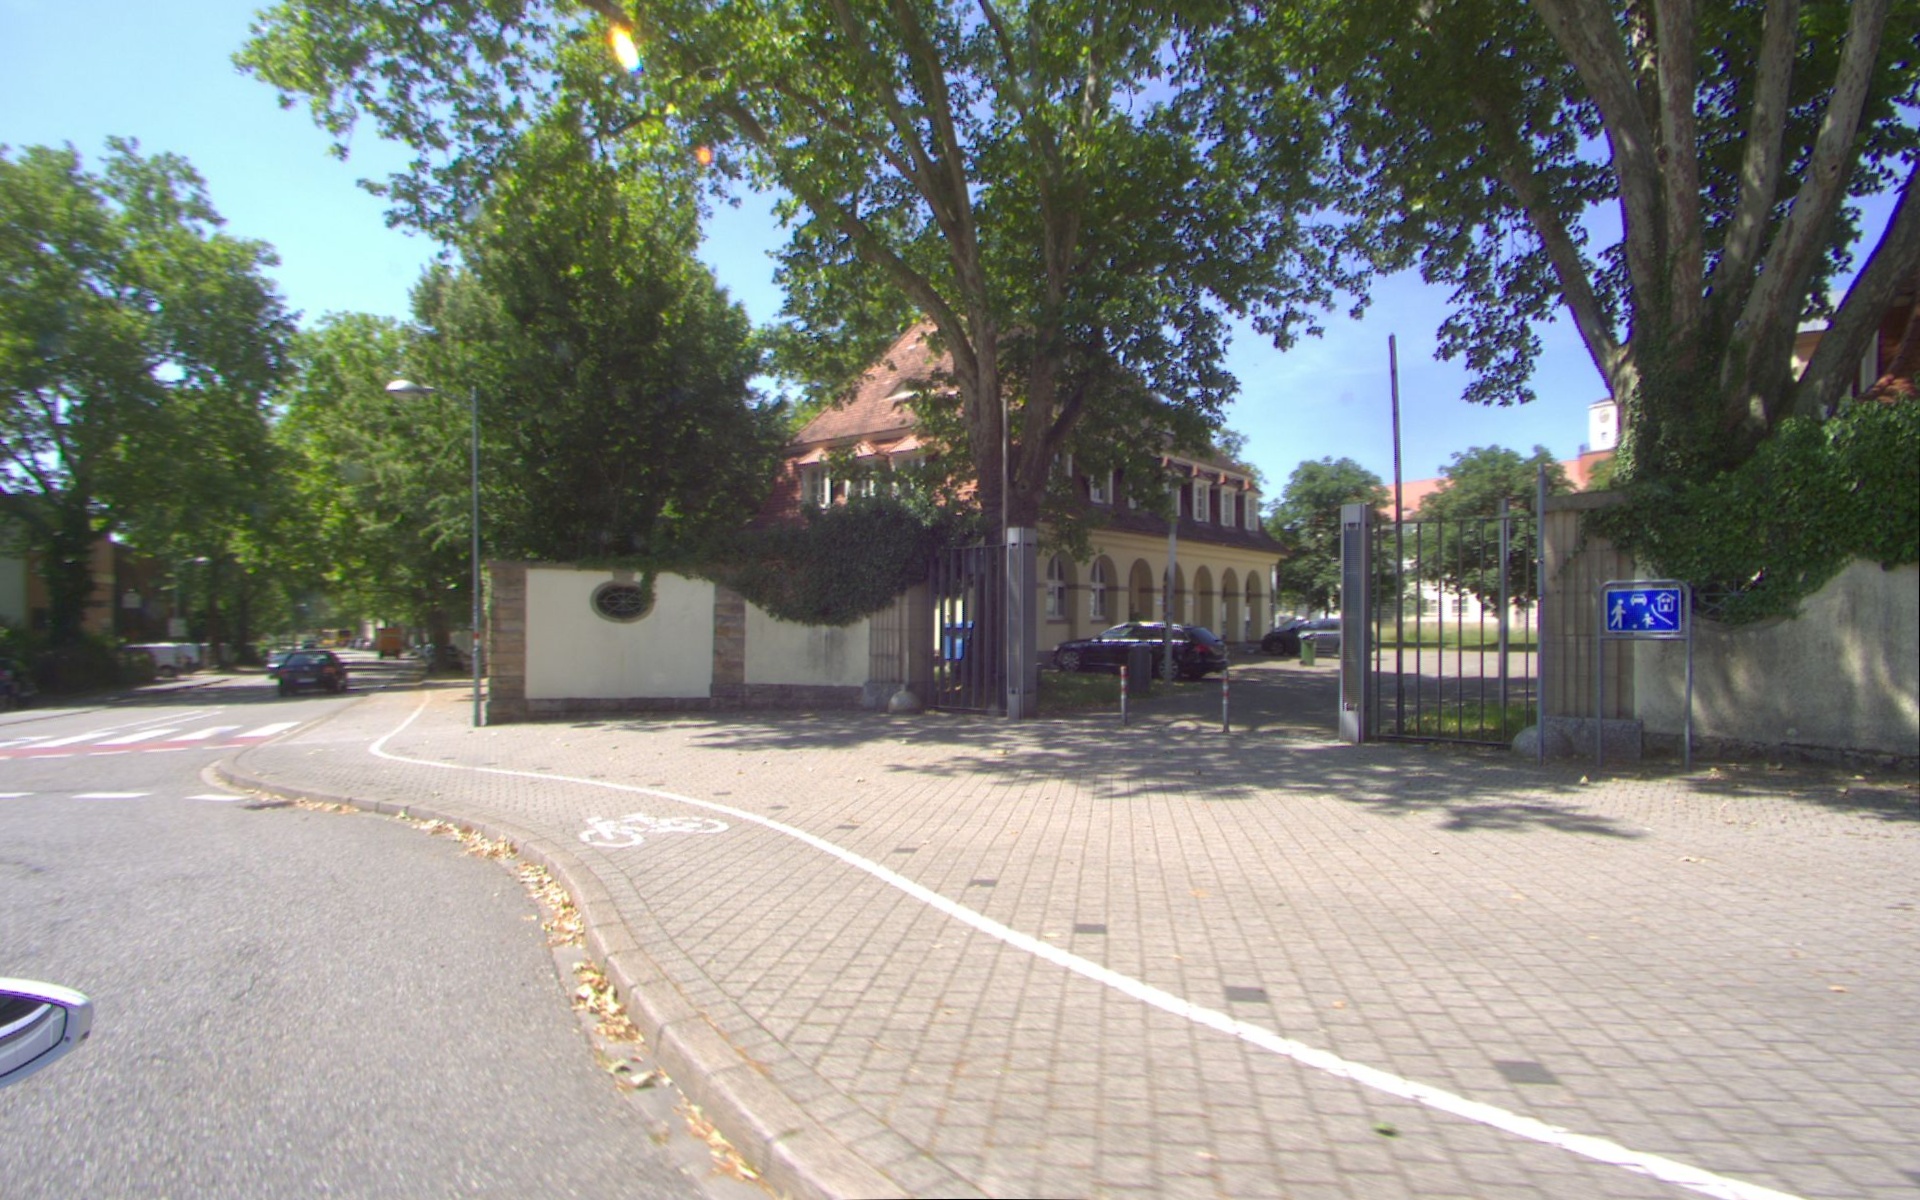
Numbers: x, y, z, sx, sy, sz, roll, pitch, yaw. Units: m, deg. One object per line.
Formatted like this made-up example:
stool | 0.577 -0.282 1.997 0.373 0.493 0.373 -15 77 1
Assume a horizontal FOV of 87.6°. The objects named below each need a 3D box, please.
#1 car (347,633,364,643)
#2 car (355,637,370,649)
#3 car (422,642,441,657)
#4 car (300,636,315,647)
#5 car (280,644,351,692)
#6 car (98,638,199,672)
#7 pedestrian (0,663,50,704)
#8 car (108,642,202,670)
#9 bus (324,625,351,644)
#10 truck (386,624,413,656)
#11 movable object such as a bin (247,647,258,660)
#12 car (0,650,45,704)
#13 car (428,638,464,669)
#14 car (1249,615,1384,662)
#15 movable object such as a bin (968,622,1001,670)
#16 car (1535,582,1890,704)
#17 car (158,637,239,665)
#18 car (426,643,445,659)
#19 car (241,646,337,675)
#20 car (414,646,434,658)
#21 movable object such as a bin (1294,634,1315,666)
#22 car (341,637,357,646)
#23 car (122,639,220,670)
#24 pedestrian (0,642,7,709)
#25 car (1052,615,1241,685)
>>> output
car | -98.305 6.178 162.836 1.753 1.392 3.698 -1 -1 -41
car | -91.576 6.602 153.363 1.860 1.706 3.978 0 -3 -33
car | -58.480 5.476 110.717 1.746 1.484 3.857 -1 -1 -30
car | -105.953 6.809 162.682 1.973 1.687 3.979 0 -3 -33
car | -22.009 2.284 34.326 1.691 1.466 4.040 0 -2 -28
car | -43.877 2.982 54.238 3.945 1.815 1.858 2 -3 -31
pedestrian | -27.137 2.411 29.061 0.743 1.136 0.896 -1 -1 -18
car | -46.480 3.240 57.909 3.945 1.534 1.859 2 -3 -31
bus | -112.954 6.241 181.623 2.643 3.190 11.105 0 -2 -40
truck | -57.863 4.179 103.419 2.343 3.172 5.745 0 -3 -29
movable object such as a bin | -59.153 4.473 83.689 0.615 1.062 0.619 0 -1 -22
car | -29.467 2.285 29.441 3.333 1.566 1.721 0 -2 -18
car | -29.374 3.025 57.299 1.720 1.577 4.760 -2 0 -27
car | 13.639 1.418 38.391 4.443 1.422 1.986 4 2 39
movable object such as a bin | 0.682 1.273 27.946 0.668 1.313 0.665 -2 -1 29
car | 13.050 0.783 17.850 4.796 1.910 1.966 -2 -2 32
car | -51.283 3.454 67.554 4.085 1.827 1.893 2 -3 -31
car | -52.330 5.070 99.889 1.559 1.484 3.857 -1 -1 -30
car | -35.909 3.227 53.612 4.310 1.444 1.774 -2 -2 11
car | -62.874 6.085 117.541 1.748 1.392 3.708 -1 -1 -33
movable object such as a bin | 11.229 1.623 32.611 0.528 1.021 0.527 -1 -1 7
car | -103.177 6.981 169.201 1.752 1.392 3.699 -1 -1 -40
car | -47.520 3.290 60.424 4.377 1.827 1.893 2 -3 -31
pedestrian | -25.789 1.992 26.197 0.860 1.764 1.109 -1 -1 -22
car | 4.836 1.236 26.287 4.443 1.422 1.986 4 2 39

* * *

### What the task requires
Skip every picture and return the lines above from the top through the one that contains "#25 car (1052,615,1241,685)".

### Answer space
Numbers: x, y, z, sx, sy, sz, roll, pitch, yaw. Units: m, deg. One object per line.
Formatted like this made-up example:
stool | 0.577 -0.282 1.997 0.373 0.493 0.373 -15 77 1
Assume a horizontal FOV of 87.6°. The objects named below each need a 3D box, please.
#1 car (347,633,364,643)
#2 car (355,637,370,649)
#3 car (422,642,441,657)
#4 car (300,636,315,647)
#5 car (280,644,351,692)
#6 car (98,638,199,672)
#7 pedestrian (0,663,50,704)
#8 car (108,642,202,670)
#9 bus (324,625,351,644)
#10 truck (386,624,413,656)
#11 movable object such as a bin (247,647,258,660)
#12 car (0,650,45,704)
#13 car (428,638,464,669)
#14 car (1249,615,1384,662)
#15 movable object such as a bin (968,622,1001,670)
#16 car (1535,582,1890,704)
#17 car (158,637,239,665)
#18 car (426,643,445,659)
#19 car (241,646,337,675)
#20 car (414,646,434,658)
#21 movable object such as a bin (1294,634,1315,666)
#22 car (341,637,357,646)
#23 car (122,639,220,670)
#24 pedestrian (0,642,7,709)
#25 car (1052,615,1241,685)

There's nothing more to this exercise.